De plus, par les problèmes de mémoire. Du fait de leur âge, de leur vécu douloureux, de leur stress à s’adapter à une nouvelle vie, de leur anxiété face à leur avenir incertain, de leur fatigue, de leur manque de concentration, de leur manque de travail personnel, les apprenants ont d’énormes difficultés à mémoriser. Même s’ils arrivent à retenir le contenu de la séance, ils l’oublient à la séance suivante. C’est pourquoi je commence toujours par une phase de révision pour raviver leur mémoire avant d’entamer de nouvelles choses. Je suis souvent obligée de revenir sur un même point plusieurs séances successives pour la consolidation de la mémoire. Cela ralentit énormément la progression du module.

Enfin, par l’instabilité des entrées-sorties des apprenants. Leur présence est délimitée par leur arrivée et leur sortie à l’association. Chaque contrat est différent. Mon stage s'étant déroulé de janvier à juin, il arrive souvent que certains commencent les cours en janvier mais s’arrêtent en février ou en mars par exemple parce qu’ils sont à la fin de leur contrat. D’autres commencent plus tard, par exemple en avril ou mai parce qu’ils arrivent plus tard. D’autres encore arrivent en mars mais ne viennent plus pour plusieurs raisons : soit ils ont trouvé du travail, soit ils sont malades, soit ils sont occupés par leur déménagement à l’issue de leur contrat avec l’organisme.

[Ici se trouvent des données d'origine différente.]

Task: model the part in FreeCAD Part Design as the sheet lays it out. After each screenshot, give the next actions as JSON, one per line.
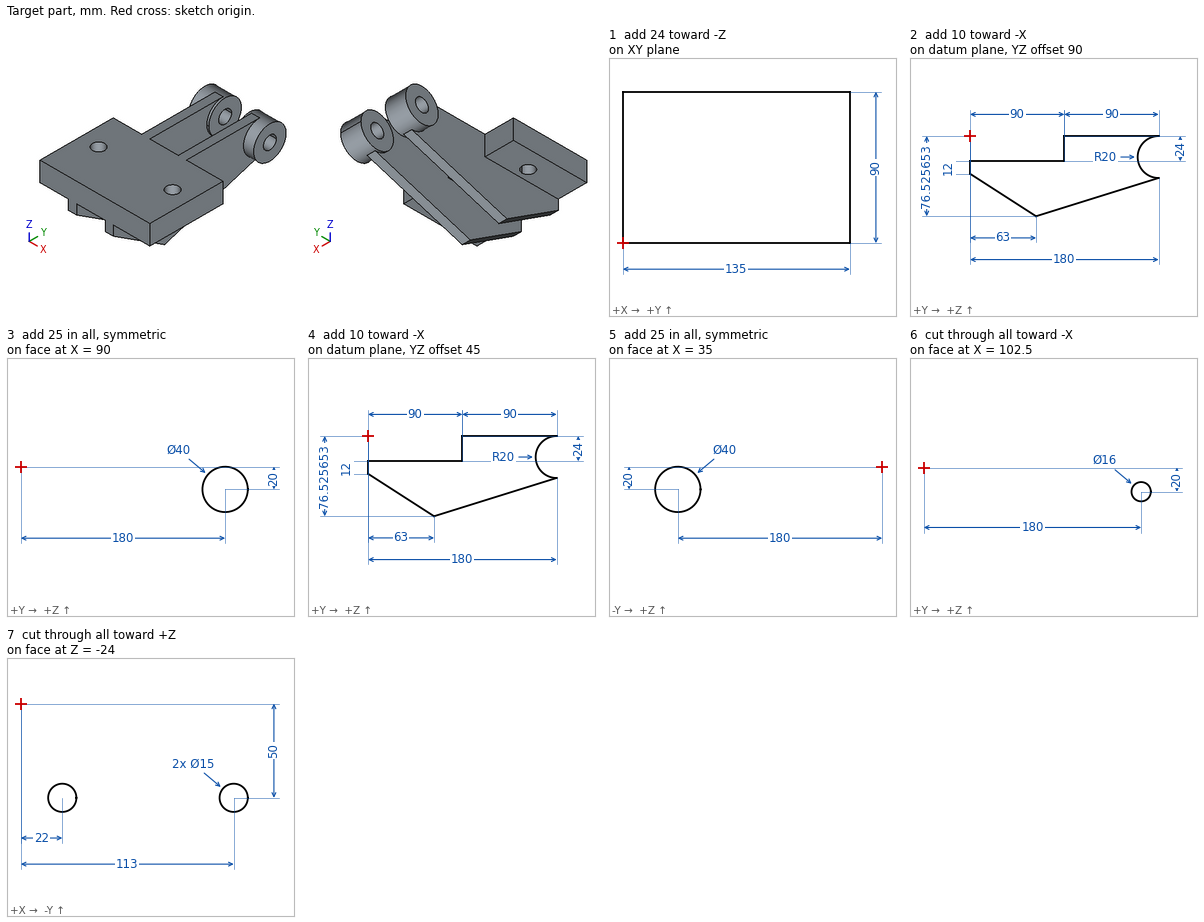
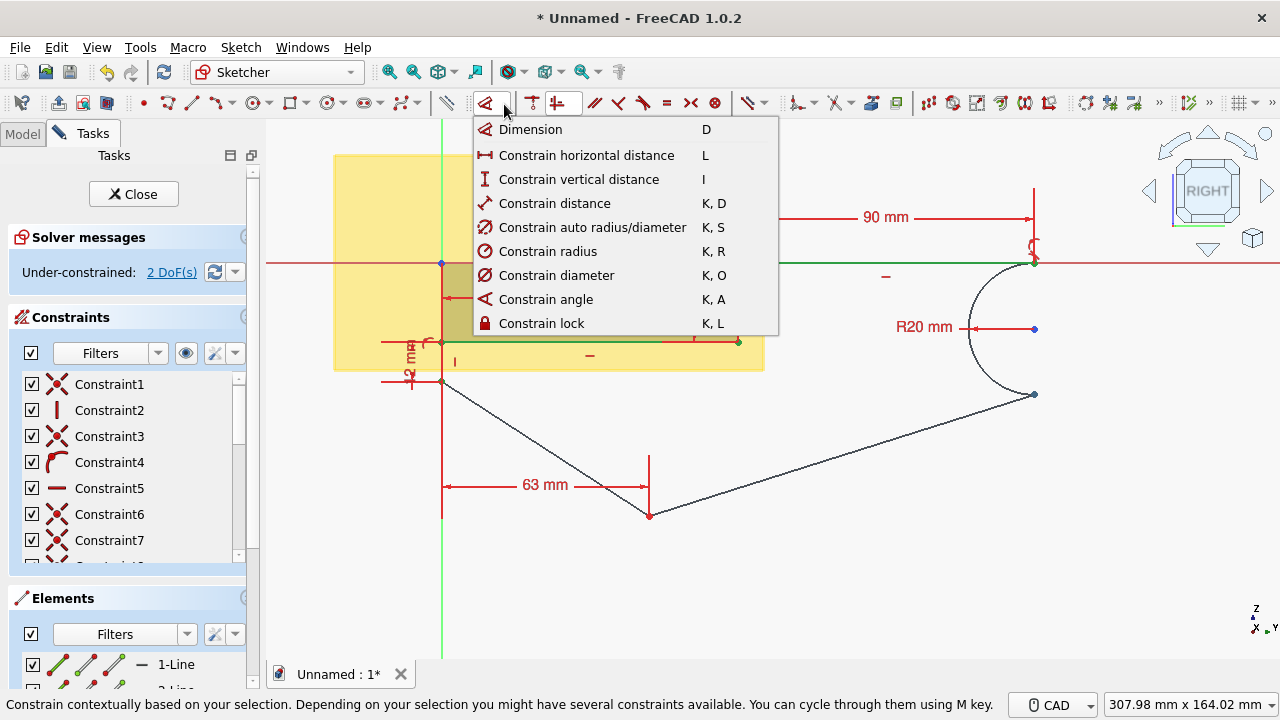
{"action": "left_click", "coordinate": [626, 155]}
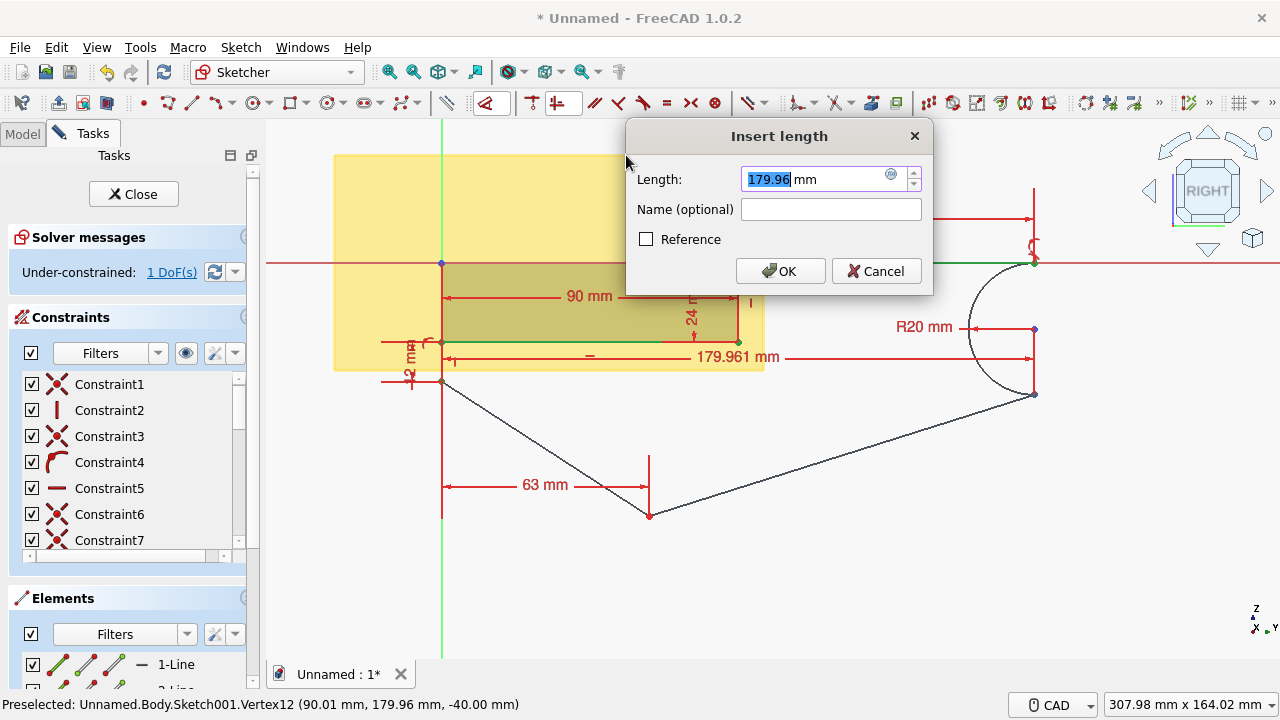
{"action": "type", "text": "180"}
{"action": "key", "text": "Return"}
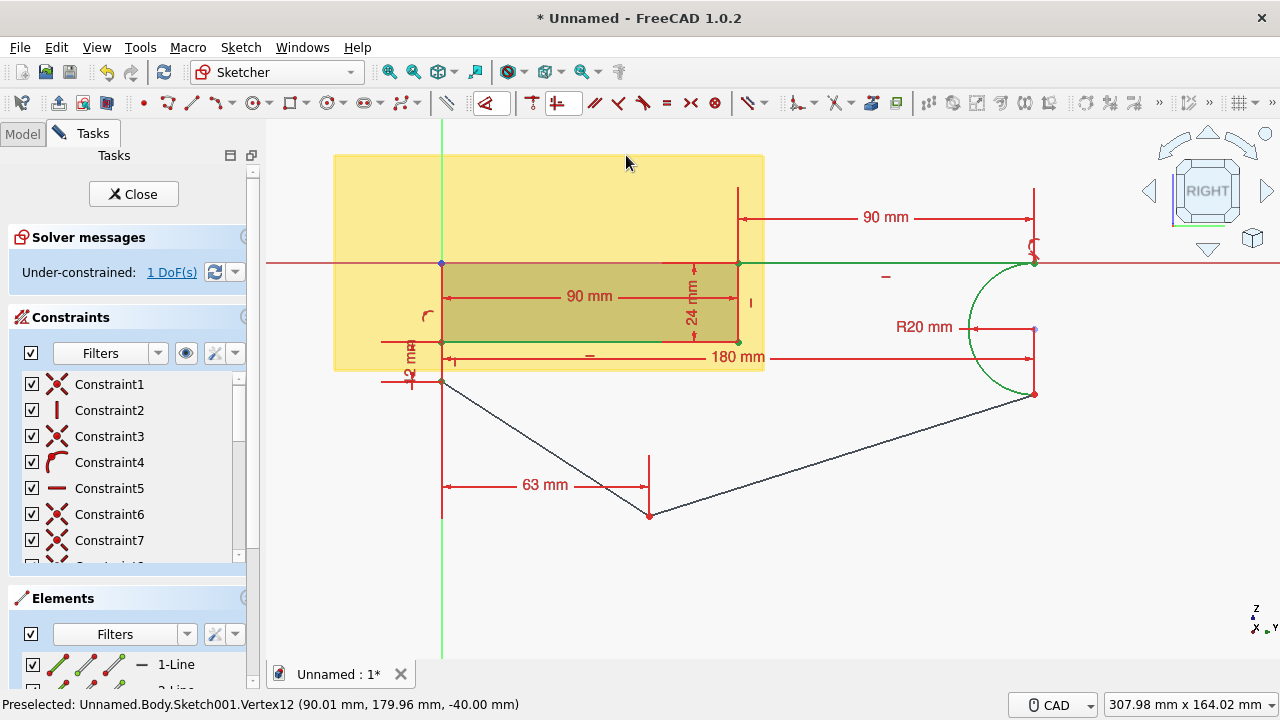
{"action": "left_click", "coordinate": [649, 516]}

Pour les apprenants qui ne sont pas familiarisés avec l’alphabet français, l’apprentissage de la lecture est un processus beaucoup plus lent. Les raisons citées précédemment ne font que ralentir leur apprentissage, notamment l’acquisition de la lecture. Par conséquent, la mise en place d’une évaluation finale à l’issue de mon stage n’a pas été envisagée.

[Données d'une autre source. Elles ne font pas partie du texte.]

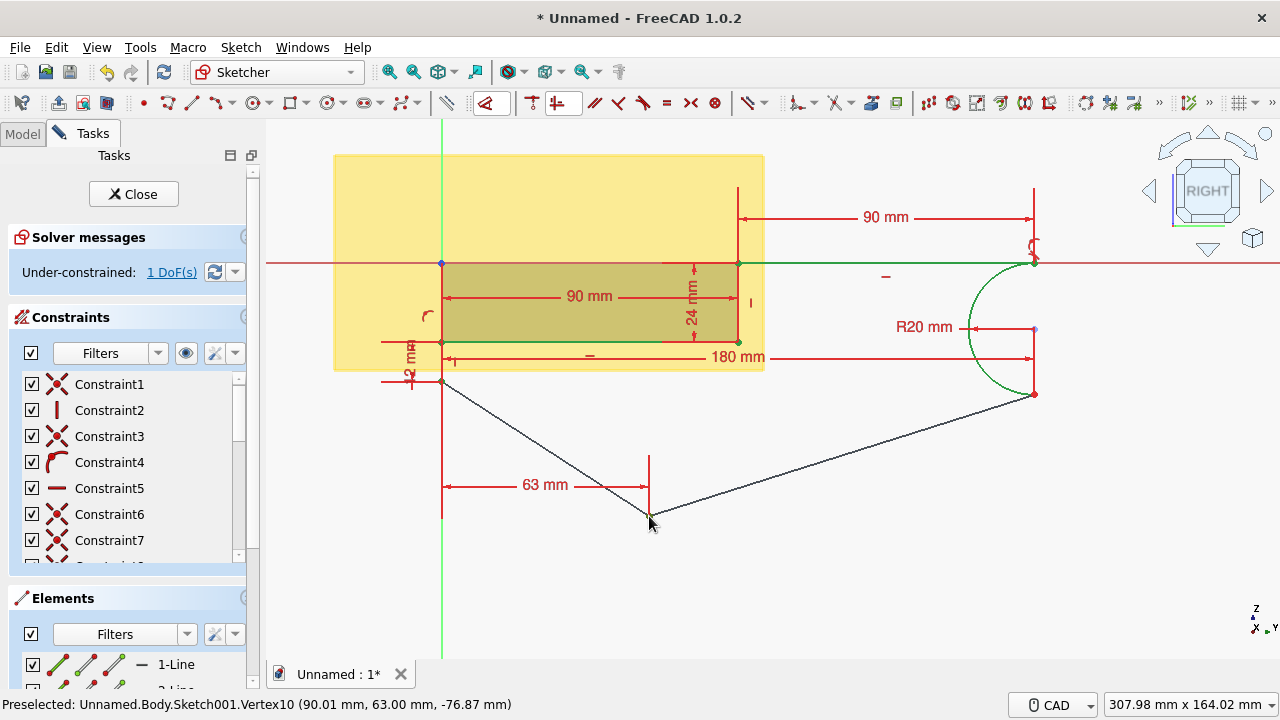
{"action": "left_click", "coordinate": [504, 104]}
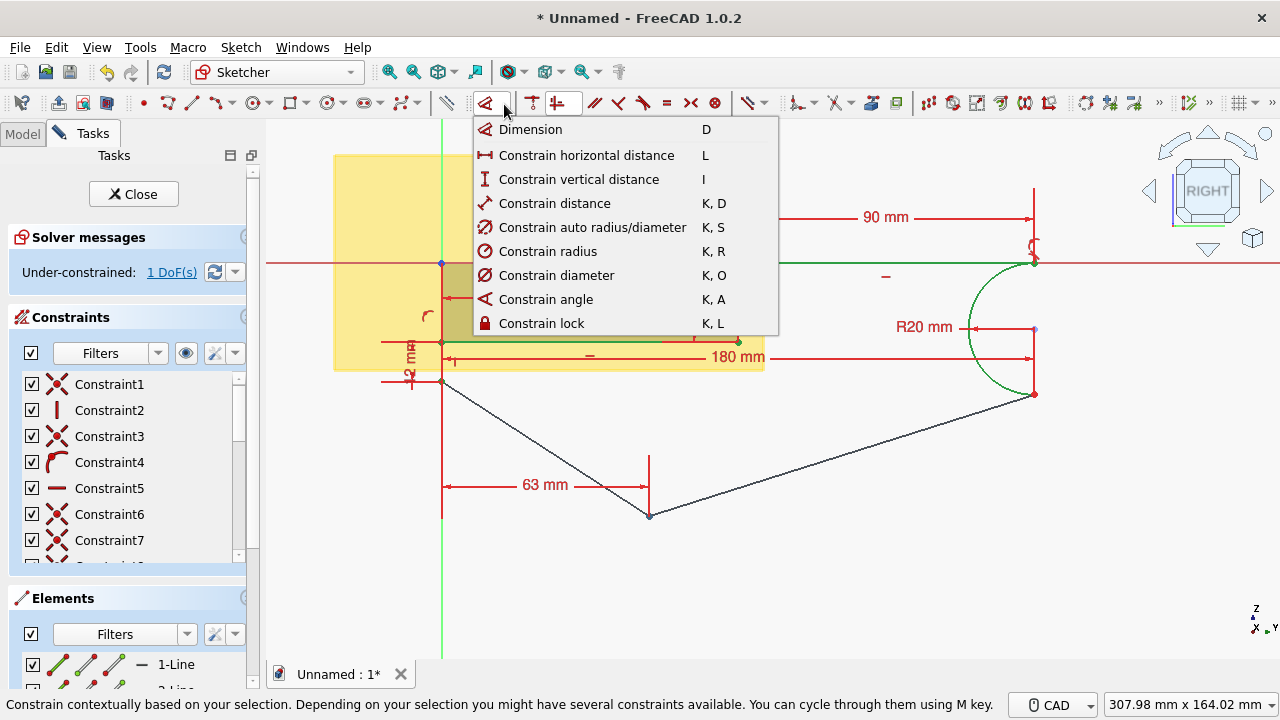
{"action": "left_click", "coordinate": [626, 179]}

Toutefois, en février 2018, c’est-à-dire sept mois après mon stage, j’ai eu l’opportunité de revenir à France-Horizon pour redonner des cours de français et j’ai eu

l’agréable surprise de revoir certains apprenants que j’avais eus lors de mon stage. Avec plus de recul, je m’aperçois qu’ils ont fait d’énormes progrès en lecture, et qu’ils sont plus autonomes dans l’apprentissage. C’est à ce moment-là que j’ai réalisé une enquête de satisfaction auprès d’eux et un questionnaire auprès de leur référent social. Mes anciens apprenants ne sont plus qu’au nombre de six, soit un tiers environ de mes apprenants.